▶ **Activity**
Below are some records. Quote exactly the lines from the one that contains "1309x924 pixels." through the last, both included, and leave out the pictures.

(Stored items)
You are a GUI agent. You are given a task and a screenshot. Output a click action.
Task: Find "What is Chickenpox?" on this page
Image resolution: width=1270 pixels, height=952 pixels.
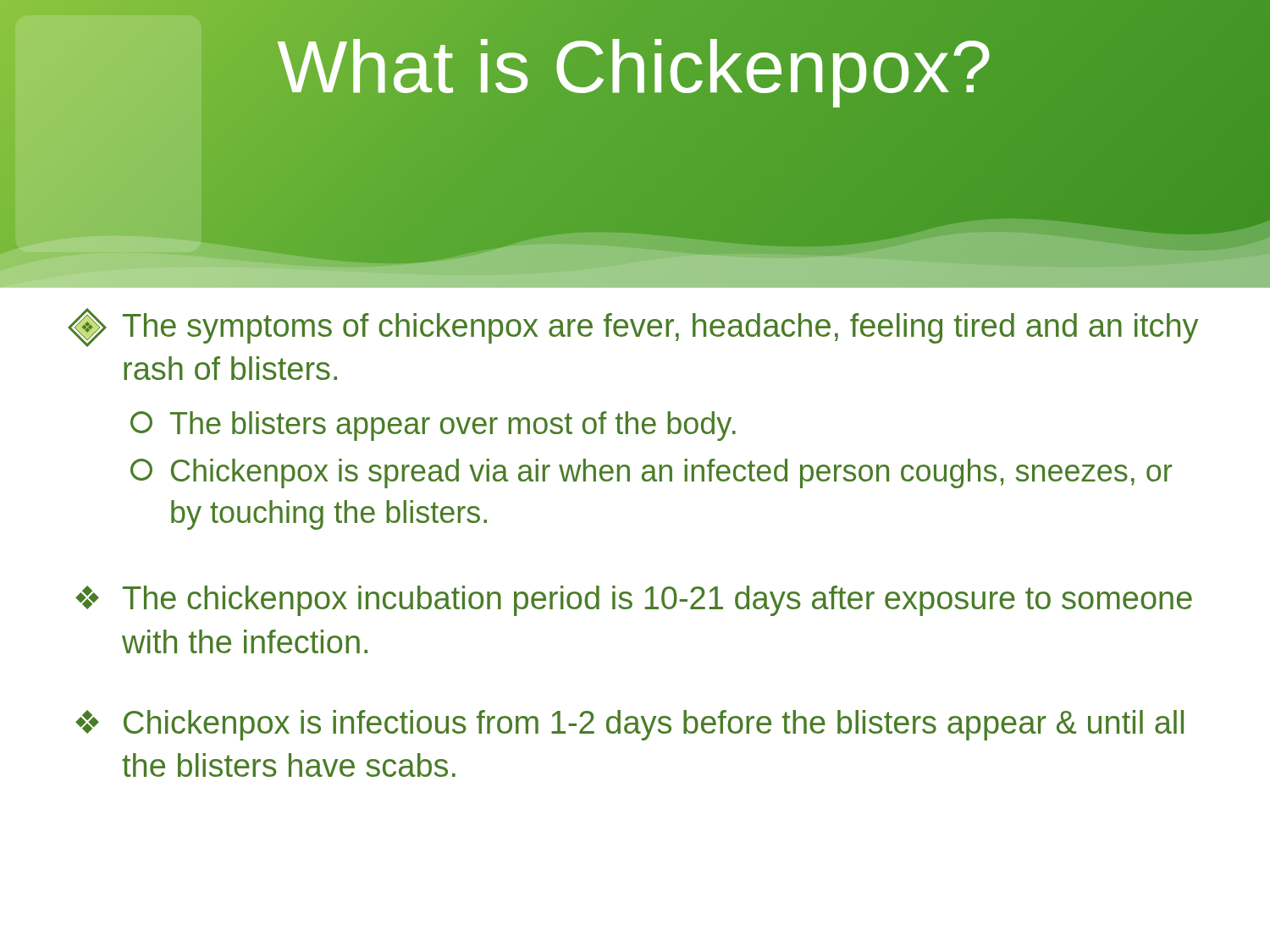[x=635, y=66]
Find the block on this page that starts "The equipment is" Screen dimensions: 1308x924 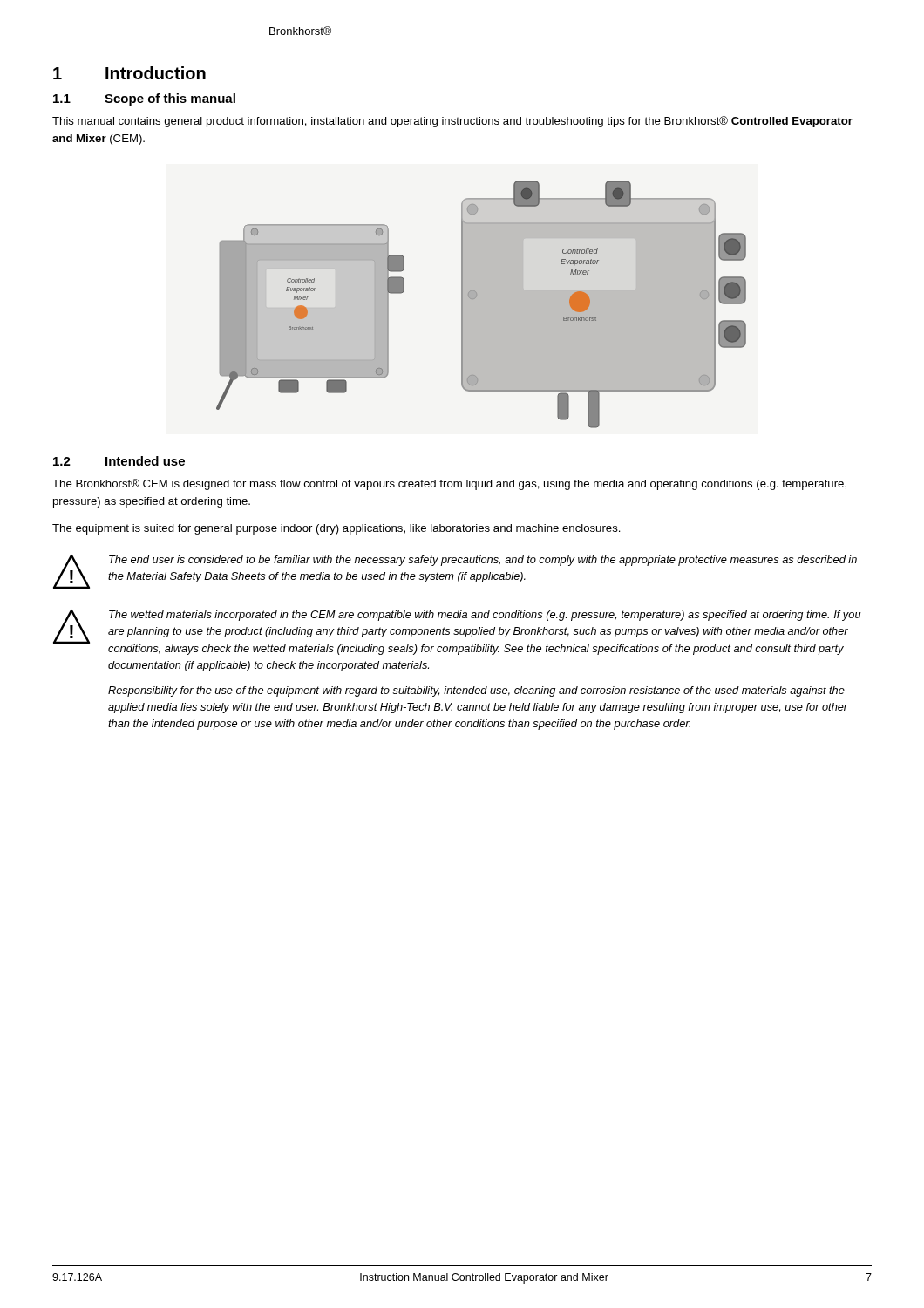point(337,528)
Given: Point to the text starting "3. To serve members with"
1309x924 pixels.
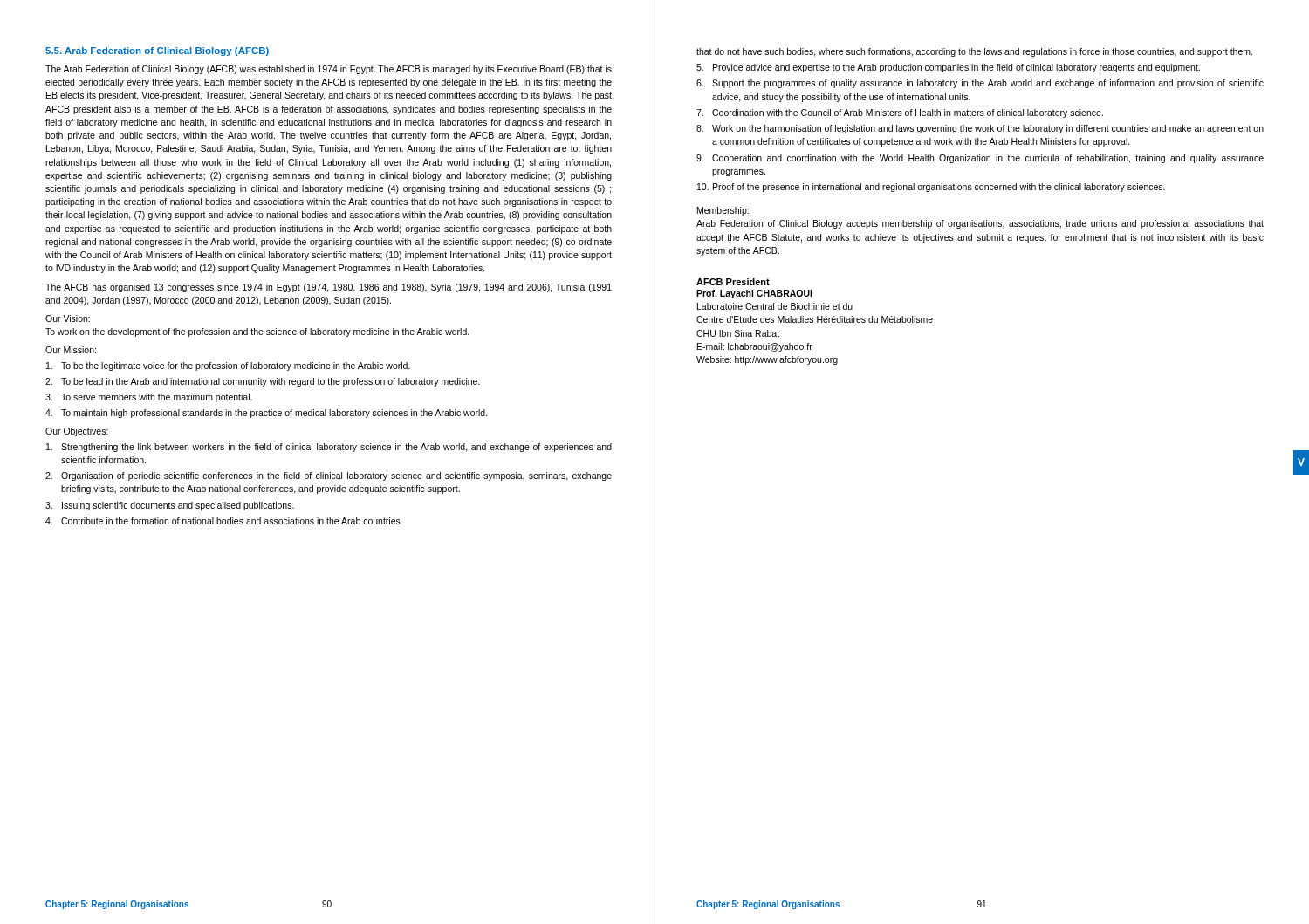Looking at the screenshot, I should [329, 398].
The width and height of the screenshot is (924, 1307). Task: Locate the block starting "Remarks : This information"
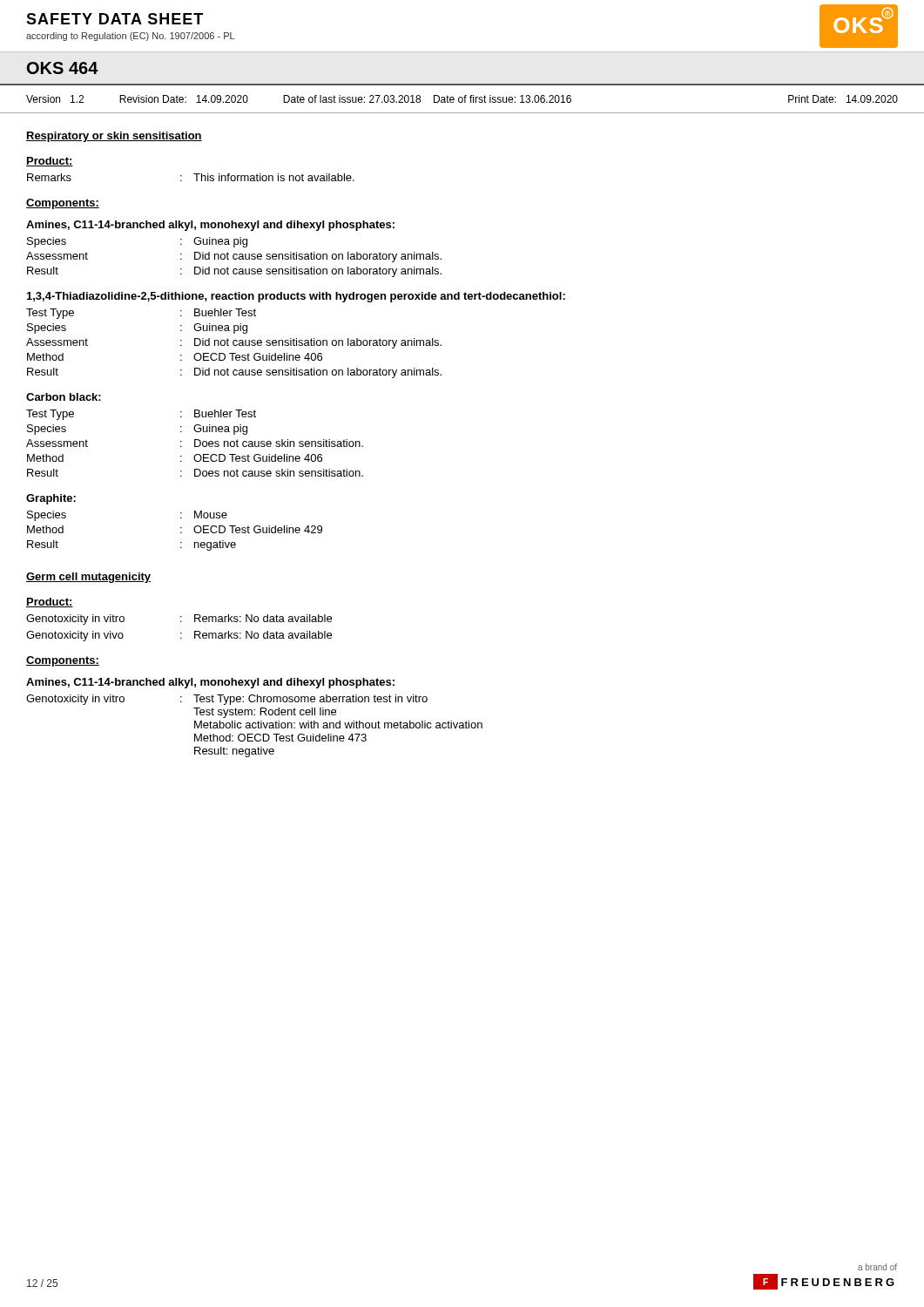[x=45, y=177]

▶ **Solution below**
1309x924 pixels.
Looking at the screenshot, I should [329, 398].
The width and height of the screenshot is (924, 1307). Task: Locate the block starting "Remarks : This information"
[x=45, y=177]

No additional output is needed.